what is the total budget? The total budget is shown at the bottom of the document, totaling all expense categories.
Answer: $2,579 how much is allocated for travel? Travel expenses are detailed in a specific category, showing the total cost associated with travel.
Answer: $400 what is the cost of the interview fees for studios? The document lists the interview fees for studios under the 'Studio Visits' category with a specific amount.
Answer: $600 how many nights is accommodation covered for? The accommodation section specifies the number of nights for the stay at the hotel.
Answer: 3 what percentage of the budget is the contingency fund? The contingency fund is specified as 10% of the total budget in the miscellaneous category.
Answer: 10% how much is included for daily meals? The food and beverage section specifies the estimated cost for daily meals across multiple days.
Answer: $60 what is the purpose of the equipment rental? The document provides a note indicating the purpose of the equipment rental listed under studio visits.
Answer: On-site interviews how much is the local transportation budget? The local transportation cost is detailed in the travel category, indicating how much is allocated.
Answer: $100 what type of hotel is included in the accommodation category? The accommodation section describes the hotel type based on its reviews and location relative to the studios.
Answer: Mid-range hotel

--

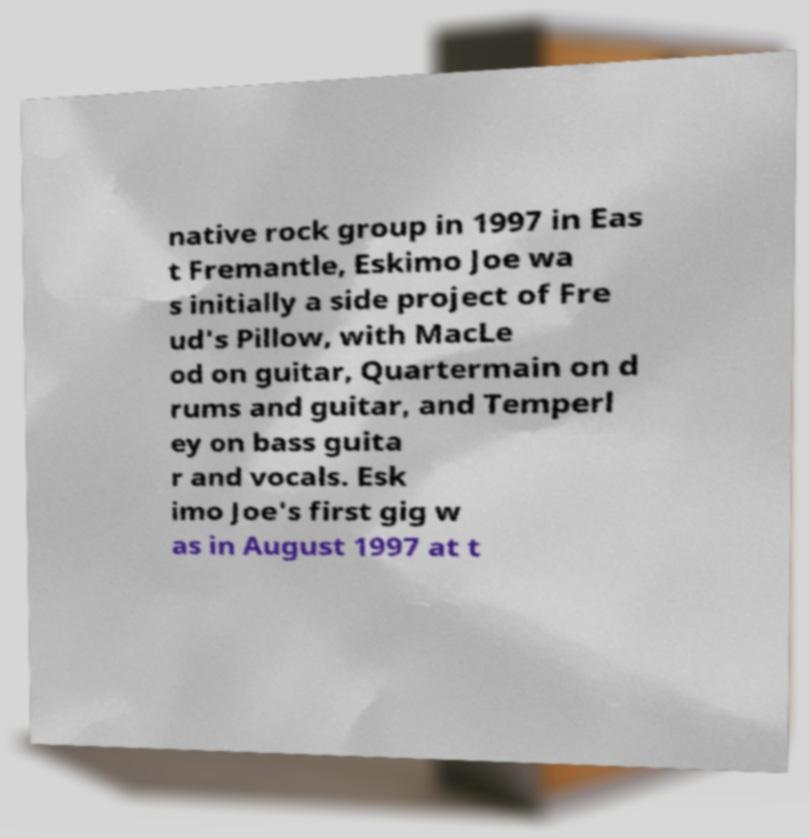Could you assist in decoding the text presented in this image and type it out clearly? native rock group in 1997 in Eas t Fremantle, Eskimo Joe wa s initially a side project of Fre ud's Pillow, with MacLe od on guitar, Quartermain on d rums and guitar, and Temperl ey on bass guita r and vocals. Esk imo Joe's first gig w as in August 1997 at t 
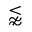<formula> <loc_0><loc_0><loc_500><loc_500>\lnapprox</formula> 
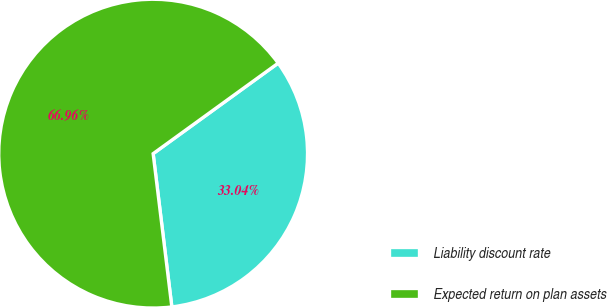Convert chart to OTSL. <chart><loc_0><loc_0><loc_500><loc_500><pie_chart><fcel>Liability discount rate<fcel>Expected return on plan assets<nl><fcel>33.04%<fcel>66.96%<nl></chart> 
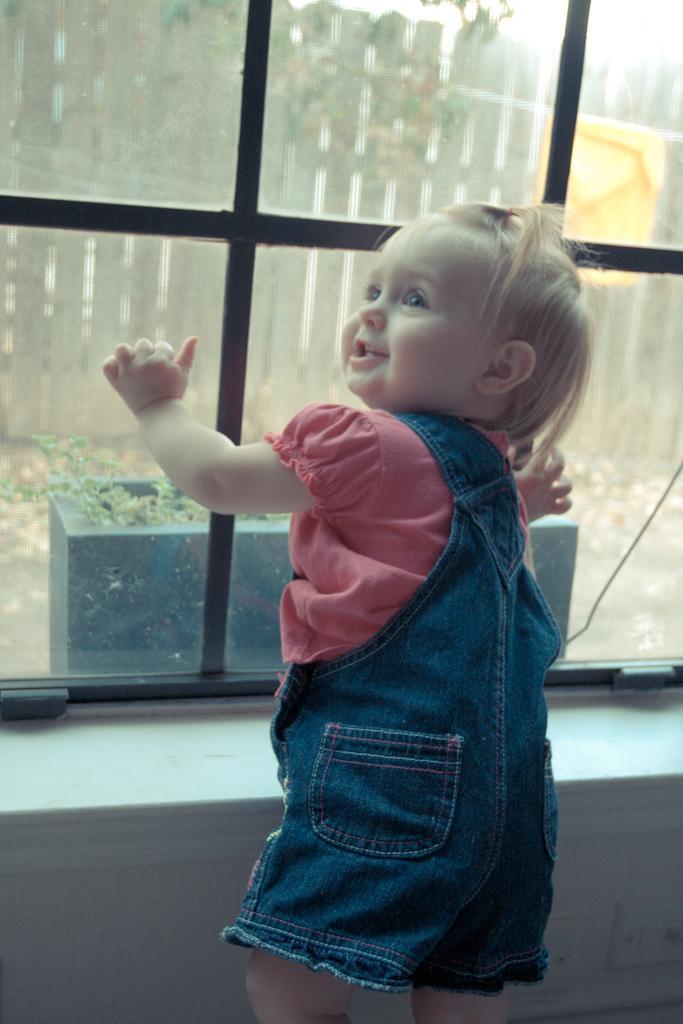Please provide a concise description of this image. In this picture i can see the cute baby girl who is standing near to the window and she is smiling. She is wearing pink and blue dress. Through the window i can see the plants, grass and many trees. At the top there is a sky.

▸ EXERCISE OBJECTIVE
Looking at the entries, how many lines contain the string "much"? The answer is that number alone.

▸ EXERCISE RESULT
3